Assignment:
Among the entries below, take the line with "Provide a short and direct response. 2. What" and the line with "Your response must be concise. -431.", and output them and every line between them exactly, with nothing else.

**** The data ****

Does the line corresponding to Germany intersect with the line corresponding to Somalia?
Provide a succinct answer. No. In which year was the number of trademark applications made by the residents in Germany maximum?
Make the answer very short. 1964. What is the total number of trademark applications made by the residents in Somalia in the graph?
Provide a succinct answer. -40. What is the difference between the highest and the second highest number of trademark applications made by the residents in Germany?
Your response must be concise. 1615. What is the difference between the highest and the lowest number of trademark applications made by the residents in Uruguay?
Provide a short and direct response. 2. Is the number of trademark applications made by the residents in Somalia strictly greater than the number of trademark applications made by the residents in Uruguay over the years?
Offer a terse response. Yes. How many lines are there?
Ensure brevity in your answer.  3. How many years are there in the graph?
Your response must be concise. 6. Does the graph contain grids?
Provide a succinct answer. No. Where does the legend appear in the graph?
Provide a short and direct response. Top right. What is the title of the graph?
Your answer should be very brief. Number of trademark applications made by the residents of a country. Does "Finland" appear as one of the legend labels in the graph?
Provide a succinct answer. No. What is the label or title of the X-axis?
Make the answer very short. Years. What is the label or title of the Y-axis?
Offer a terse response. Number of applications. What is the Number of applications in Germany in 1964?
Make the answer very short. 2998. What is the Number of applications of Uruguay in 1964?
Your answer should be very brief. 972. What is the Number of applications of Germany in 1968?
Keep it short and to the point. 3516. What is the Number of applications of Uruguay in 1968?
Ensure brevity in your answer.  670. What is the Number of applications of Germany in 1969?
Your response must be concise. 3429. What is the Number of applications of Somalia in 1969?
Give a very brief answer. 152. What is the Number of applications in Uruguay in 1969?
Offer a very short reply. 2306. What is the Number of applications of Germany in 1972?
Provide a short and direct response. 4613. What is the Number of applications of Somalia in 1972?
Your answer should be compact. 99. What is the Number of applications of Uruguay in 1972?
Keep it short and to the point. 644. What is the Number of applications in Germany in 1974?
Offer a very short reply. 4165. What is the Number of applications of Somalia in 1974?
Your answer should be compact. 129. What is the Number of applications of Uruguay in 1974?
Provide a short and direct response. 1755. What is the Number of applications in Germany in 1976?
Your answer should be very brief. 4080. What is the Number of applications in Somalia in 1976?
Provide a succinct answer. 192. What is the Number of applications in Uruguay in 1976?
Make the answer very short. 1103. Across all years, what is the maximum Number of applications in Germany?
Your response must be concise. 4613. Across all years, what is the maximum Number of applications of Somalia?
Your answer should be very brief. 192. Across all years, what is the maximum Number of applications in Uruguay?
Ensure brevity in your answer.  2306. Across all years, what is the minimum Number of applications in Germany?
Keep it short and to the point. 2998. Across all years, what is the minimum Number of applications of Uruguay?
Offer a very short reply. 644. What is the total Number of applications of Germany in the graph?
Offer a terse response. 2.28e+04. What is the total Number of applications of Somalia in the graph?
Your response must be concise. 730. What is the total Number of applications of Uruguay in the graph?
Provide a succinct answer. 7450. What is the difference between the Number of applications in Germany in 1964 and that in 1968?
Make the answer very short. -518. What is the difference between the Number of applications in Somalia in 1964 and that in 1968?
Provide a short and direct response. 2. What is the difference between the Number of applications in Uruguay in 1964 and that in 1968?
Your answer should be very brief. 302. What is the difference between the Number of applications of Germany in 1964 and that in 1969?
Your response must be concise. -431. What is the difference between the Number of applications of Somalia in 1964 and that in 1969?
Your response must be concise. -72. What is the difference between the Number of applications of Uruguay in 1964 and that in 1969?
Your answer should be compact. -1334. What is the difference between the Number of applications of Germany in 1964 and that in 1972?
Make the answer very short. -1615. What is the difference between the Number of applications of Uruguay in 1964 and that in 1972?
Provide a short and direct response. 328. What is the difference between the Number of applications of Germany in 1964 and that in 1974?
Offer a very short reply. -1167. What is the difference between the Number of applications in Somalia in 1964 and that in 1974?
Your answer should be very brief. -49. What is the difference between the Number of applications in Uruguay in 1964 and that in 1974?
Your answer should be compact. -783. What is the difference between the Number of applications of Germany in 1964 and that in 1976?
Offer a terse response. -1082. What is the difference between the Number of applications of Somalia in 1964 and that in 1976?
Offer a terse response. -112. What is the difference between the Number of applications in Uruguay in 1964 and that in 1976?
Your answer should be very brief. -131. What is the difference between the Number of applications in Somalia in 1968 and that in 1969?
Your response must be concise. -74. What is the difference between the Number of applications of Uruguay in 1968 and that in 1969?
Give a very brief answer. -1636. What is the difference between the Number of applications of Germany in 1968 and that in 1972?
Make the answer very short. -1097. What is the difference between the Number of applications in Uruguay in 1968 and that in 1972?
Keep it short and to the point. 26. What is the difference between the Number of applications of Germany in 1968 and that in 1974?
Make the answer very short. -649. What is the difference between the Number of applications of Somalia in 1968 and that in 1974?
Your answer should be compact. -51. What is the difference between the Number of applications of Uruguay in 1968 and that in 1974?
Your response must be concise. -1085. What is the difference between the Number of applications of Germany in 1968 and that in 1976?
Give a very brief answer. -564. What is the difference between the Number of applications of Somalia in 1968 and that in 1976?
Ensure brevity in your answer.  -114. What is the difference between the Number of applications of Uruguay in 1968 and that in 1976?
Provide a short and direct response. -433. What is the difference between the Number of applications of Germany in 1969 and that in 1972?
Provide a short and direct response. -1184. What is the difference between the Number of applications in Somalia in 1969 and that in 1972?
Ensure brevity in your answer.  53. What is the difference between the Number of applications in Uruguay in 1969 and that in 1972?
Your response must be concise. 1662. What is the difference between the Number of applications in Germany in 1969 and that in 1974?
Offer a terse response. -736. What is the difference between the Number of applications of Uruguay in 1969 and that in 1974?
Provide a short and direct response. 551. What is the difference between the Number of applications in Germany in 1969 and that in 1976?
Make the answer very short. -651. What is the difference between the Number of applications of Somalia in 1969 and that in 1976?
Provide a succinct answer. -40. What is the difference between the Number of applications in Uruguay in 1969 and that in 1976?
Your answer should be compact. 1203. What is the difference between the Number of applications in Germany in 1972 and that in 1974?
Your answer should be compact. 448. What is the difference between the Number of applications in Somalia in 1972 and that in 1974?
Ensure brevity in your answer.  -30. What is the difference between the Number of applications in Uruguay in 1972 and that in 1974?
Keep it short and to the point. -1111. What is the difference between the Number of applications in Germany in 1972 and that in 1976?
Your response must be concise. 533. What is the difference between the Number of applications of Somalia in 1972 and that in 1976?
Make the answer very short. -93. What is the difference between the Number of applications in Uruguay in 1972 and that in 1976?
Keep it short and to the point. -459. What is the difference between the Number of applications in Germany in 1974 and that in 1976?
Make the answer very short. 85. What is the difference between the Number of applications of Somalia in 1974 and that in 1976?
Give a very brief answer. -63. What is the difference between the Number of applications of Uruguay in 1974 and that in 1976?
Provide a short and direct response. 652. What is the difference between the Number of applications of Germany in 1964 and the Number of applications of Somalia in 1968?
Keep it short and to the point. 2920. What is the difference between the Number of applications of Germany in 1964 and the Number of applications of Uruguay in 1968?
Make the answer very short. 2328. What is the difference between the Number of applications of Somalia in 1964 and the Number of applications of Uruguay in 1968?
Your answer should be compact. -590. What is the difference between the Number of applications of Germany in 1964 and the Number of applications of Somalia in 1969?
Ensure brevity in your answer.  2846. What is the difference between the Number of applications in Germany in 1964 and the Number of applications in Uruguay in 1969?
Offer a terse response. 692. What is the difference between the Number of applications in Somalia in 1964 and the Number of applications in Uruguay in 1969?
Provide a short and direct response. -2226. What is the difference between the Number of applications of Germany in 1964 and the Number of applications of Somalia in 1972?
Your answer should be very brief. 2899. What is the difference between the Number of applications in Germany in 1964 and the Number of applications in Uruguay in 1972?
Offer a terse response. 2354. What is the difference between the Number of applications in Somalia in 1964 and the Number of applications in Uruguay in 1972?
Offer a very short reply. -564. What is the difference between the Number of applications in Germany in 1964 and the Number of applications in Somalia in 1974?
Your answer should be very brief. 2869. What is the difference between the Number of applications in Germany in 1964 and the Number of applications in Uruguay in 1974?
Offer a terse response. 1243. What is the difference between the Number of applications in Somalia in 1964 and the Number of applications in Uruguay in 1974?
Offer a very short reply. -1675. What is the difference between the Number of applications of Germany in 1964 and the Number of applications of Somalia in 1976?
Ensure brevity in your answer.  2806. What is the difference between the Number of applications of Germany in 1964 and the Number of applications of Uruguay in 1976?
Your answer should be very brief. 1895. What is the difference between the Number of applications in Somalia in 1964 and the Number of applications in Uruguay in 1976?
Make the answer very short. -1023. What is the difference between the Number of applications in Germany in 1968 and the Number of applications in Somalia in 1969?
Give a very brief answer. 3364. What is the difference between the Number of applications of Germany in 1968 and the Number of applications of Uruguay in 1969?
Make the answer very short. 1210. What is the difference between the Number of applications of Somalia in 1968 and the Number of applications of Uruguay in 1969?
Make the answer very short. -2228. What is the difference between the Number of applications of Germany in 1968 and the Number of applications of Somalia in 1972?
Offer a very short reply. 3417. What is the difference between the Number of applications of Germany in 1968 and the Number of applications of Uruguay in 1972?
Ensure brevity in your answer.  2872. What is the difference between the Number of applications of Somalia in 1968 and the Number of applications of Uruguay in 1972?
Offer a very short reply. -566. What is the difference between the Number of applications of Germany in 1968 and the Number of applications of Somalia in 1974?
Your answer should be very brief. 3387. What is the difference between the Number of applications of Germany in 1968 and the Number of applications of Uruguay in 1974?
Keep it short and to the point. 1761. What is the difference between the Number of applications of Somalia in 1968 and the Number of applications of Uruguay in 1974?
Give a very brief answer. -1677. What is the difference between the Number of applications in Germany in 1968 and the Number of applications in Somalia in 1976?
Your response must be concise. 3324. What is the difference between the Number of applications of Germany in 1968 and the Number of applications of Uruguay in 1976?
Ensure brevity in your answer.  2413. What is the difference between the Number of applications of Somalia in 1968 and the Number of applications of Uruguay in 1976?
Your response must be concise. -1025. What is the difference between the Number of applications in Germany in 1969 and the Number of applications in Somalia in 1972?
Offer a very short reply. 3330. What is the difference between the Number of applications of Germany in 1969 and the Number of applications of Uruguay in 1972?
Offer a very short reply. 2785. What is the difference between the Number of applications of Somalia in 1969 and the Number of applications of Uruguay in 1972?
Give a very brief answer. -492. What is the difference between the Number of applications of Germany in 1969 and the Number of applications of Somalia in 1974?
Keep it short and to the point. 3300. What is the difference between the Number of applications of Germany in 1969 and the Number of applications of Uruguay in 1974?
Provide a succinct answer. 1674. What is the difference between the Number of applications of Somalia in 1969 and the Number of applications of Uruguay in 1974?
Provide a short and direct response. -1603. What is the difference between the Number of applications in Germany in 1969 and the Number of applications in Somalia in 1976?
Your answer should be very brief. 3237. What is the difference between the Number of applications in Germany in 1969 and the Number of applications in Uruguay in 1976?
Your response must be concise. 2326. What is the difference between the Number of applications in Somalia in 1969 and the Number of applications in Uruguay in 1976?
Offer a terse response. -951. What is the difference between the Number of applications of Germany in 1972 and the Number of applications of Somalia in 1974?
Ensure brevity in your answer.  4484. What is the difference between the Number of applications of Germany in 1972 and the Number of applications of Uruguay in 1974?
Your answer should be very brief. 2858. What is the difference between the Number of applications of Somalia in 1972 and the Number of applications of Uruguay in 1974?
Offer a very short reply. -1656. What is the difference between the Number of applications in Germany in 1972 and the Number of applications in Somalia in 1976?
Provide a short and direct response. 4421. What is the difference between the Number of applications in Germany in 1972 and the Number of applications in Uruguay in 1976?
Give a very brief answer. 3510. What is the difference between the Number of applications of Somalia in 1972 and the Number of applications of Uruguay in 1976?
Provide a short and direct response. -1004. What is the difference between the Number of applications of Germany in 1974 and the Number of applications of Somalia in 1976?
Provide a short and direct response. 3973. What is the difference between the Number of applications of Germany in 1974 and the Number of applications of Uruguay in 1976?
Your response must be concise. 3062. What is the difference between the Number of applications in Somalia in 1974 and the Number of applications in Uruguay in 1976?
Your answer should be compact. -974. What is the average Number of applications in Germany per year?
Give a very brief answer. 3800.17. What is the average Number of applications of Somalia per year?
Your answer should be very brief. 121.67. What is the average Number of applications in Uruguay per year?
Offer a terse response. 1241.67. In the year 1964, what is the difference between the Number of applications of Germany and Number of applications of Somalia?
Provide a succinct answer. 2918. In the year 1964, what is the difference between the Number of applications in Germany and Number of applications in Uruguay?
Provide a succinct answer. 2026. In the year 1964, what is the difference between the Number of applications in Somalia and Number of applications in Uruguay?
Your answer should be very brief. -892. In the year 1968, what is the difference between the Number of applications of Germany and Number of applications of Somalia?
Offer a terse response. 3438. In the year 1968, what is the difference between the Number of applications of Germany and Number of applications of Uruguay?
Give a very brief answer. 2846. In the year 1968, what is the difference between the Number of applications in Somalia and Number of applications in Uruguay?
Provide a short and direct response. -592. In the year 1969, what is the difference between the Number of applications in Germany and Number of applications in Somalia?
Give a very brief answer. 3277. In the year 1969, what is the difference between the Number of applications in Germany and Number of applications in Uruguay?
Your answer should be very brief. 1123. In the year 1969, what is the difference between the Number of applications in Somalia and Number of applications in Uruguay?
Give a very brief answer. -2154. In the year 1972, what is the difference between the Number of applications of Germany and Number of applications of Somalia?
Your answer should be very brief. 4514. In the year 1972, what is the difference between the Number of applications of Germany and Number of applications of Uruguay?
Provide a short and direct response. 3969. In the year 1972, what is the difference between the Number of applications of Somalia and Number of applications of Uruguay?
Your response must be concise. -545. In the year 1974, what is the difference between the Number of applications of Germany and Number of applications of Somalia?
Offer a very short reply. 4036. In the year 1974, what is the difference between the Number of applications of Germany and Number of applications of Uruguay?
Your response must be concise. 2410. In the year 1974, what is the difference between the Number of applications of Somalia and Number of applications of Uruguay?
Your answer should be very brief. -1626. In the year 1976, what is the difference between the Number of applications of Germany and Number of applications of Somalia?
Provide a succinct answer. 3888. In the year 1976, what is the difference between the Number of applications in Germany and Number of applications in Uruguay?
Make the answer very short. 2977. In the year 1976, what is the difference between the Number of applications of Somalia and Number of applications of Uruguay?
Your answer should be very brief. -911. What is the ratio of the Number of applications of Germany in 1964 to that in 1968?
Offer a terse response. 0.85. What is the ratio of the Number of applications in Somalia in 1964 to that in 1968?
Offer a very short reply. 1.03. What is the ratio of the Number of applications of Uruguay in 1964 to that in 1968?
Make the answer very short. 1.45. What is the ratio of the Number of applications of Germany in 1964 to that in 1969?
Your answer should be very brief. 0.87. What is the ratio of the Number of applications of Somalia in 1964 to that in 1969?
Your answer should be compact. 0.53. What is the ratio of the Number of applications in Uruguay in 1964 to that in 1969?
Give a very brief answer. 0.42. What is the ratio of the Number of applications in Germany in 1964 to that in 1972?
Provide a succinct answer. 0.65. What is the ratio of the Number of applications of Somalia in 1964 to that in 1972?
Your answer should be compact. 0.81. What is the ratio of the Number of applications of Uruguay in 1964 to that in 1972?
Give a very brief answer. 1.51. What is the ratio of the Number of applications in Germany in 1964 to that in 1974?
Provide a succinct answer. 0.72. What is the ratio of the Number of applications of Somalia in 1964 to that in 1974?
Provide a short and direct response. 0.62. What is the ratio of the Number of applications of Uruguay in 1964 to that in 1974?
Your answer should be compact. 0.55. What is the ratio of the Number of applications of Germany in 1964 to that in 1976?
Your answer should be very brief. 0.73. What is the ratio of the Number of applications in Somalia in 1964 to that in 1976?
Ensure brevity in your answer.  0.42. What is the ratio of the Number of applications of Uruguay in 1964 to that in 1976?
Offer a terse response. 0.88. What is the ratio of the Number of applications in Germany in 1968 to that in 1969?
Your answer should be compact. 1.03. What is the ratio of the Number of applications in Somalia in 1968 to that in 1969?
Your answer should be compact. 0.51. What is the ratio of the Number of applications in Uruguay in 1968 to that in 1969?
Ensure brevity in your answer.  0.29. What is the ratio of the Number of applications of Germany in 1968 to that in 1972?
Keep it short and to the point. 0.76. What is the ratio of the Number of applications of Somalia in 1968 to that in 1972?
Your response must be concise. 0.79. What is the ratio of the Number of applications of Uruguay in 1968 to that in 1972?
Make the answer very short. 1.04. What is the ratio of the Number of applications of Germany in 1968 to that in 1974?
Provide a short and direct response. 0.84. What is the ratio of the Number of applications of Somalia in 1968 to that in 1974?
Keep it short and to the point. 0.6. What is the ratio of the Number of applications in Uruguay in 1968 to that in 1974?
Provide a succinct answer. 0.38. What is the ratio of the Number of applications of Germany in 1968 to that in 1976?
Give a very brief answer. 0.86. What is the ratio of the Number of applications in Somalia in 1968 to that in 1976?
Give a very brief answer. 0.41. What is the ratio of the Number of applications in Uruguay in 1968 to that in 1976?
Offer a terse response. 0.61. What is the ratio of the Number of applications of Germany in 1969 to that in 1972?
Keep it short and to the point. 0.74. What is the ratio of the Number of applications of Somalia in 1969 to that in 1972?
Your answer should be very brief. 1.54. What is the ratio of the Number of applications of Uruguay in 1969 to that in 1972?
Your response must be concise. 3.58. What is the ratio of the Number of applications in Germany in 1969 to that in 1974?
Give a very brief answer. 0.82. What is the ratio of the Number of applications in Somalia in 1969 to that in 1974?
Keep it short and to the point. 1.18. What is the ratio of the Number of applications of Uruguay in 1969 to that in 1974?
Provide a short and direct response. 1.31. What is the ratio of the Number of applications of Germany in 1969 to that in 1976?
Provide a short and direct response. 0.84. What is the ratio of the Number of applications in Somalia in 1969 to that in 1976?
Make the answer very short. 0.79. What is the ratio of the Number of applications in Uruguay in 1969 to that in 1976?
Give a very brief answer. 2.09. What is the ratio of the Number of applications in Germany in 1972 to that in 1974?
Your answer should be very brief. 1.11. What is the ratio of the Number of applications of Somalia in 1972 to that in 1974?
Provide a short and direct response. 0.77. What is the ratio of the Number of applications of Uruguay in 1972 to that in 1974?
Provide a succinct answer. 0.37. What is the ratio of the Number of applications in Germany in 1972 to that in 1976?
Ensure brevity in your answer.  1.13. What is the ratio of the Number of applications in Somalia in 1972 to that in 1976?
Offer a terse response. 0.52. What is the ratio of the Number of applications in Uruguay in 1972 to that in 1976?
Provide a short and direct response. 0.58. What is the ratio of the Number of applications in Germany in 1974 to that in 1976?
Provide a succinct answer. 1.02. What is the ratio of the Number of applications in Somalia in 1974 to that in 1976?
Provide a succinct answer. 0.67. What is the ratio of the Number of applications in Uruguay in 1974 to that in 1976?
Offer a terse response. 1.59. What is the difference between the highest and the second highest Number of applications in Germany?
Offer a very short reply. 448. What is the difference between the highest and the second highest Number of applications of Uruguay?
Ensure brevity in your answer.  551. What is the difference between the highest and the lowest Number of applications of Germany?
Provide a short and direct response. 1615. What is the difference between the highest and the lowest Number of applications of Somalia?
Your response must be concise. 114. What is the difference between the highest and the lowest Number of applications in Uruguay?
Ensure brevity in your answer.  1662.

****

Response area:
Provide a short and direct response. 2. What is the difference between the Number of applications in Uruguay in 1964 and that in 1968?
Your answer should be very brief. 302. What is the difference between the Number of applications of Germany in 1964 and that in 1969?
Your response must be concise. -431. What is the difference between the Number of applications of Somalia in 1964 and that in 1969?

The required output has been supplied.